### Provided data:
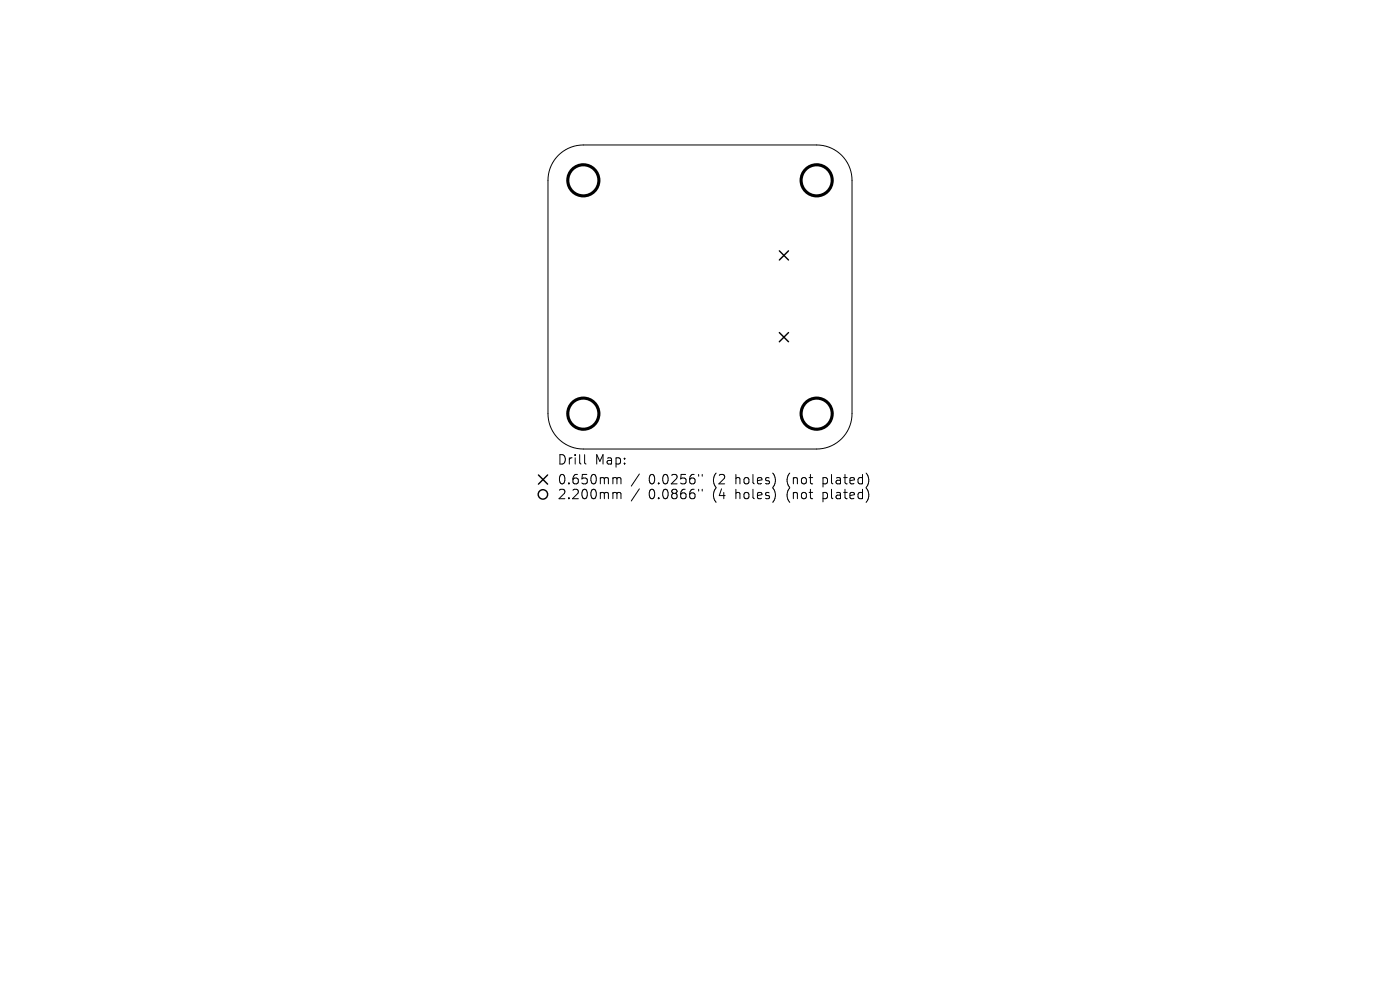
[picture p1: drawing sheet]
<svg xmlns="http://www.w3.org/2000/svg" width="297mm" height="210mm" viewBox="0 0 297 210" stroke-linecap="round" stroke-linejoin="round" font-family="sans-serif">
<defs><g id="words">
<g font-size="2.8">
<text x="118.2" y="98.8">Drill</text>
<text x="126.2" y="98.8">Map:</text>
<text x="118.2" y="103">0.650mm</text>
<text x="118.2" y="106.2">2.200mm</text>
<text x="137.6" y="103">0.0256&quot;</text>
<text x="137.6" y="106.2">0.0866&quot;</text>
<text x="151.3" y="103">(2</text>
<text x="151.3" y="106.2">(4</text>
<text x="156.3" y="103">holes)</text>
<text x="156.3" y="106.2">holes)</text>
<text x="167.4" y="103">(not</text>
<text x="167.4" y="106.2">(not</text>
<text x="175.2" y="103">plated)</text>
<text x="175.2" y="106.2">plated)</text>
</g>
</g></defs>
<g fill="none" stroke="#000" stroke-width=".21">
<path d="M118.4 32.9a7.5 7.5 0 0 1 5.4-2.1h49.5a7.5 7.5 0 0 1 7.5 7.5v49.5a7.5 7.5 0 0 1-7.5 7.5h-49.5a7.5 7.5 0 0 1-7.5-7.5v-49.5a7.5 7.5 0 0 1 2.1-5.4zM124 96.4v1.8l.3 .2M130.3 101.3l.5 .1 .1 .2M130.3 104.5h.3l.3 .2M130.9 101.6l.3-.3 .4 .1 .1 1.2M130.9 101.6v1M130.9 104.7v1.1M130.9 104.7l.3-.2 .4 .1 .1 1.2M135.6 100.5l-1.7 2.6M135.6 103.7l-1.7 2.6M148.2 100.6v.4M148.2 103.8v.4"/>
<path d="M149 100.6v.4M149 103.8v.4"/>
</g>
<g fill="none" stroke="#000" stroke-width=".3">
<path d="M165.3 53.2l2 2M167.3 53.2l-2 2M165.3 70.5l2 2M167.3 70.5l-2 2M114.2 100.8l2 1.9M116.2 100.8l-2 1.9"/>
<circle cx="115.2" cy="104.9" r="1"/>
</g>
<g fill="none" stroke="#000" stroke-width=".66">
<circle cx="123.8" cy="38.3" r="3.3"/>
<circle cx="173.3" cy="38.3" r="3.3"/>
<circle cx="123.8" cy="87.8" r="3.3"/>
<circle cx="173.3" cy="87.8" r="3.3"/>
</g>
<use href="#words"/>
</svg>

### Description of the task:
Copy out every entry above, character for character, excluding pictures.

### Output of the task:
[picture p1: drawing sheet]
<svg xmlns="http://www.w3.org/2000/svg" width="297mm" height="210mm" viewBox="0 0 297 210" stroke-linecap="round" stroke-linejoin="round" font-family="sans-serif">
<defs><g id="words">
<g font-size="2.8">
<text x="118.2" y="98.8">Drill</text>
<text x="126.2" y="98.8">Map:</text>
<text x="118.2" y="103">0.650mm</text>
<text x="118.2" y="106.2">2.200mm</text>
<text x="137.6" y="103">0.0256&quot;</text>
<text x="137.6" y="106.2">0.0866&quot;</text>
<text x="151.3" y="103">(2</text>
<text x="151.3" y="106.2">(4</text>
<text x="156.3" y="103">holes)</text>
<text x="156.3" y="106.2">holes)</text>
<text x="167.4" y="103">(not</text>
<text x="167.4" y="106.2">(not</text>
<text x="175.2" y="103">plated)</text>
<text x="175.2" y="106.2">plated)</text>
</g>
</g></defs>
<g fill="none" stroke="#000" stroke-width=".21">
<path d="M118.4 32.9a7.5 7.5 0 0 1 5.4-2.1h49.5a7.5 7.5 0 0 1 7.5 7.5v49.5a7.5 7.5 0 0 1-7.5 7.5h-49.5a7.5 7.5 0 0 1-7.5-7.5v-49.5a7.5 7.5 0 0 1 2.1-5.4zM124 96.4v1.8l.3 .2M130.3 101.3l.5 .1 .1 .2M130.3 104.5h.3l.3 .2M130.9 101.6l.3-.3 .4 .1 .1 1.2M130.9 101.6v1M130.9 104.7v1.1M130.9 104.7l.3-.2 .4 .1 .1 1.2M135.6 100.5l-1.7 2.6M135.6 103.7l-1.7 2.6M148.2 100.6v.4M148.2 103.8v.4"/>
<path d="M149 100.6v.4M149 103.8v.4"/>
</g>
<g fill="none" stroke="#000" stroke-width=".3">
<path d="M165.3 53.2l2 2M167.3 53.2l-2 2M165.3 70.5l2 2M167.3 70.5l-2 2M114.2 100.8l2 1.9M116.2 100.8l-2 1.9"/>
<circle cx="115.2" cy="104.9" r="1"/>
</g>
<g fill="none" stroke="#000" stroke-width=".66">
<circle cx="123.8" cy="38.3" r="3.3"/>
<circle cx="173.3" cy="38.3" r="3.3"/>
<circle cx="123.8" cy="87.8" r="3.3"/>
<circle cx="173.3" cy="87.8" r="3.3"/>
</g>
<use href="#words"/>
</svg>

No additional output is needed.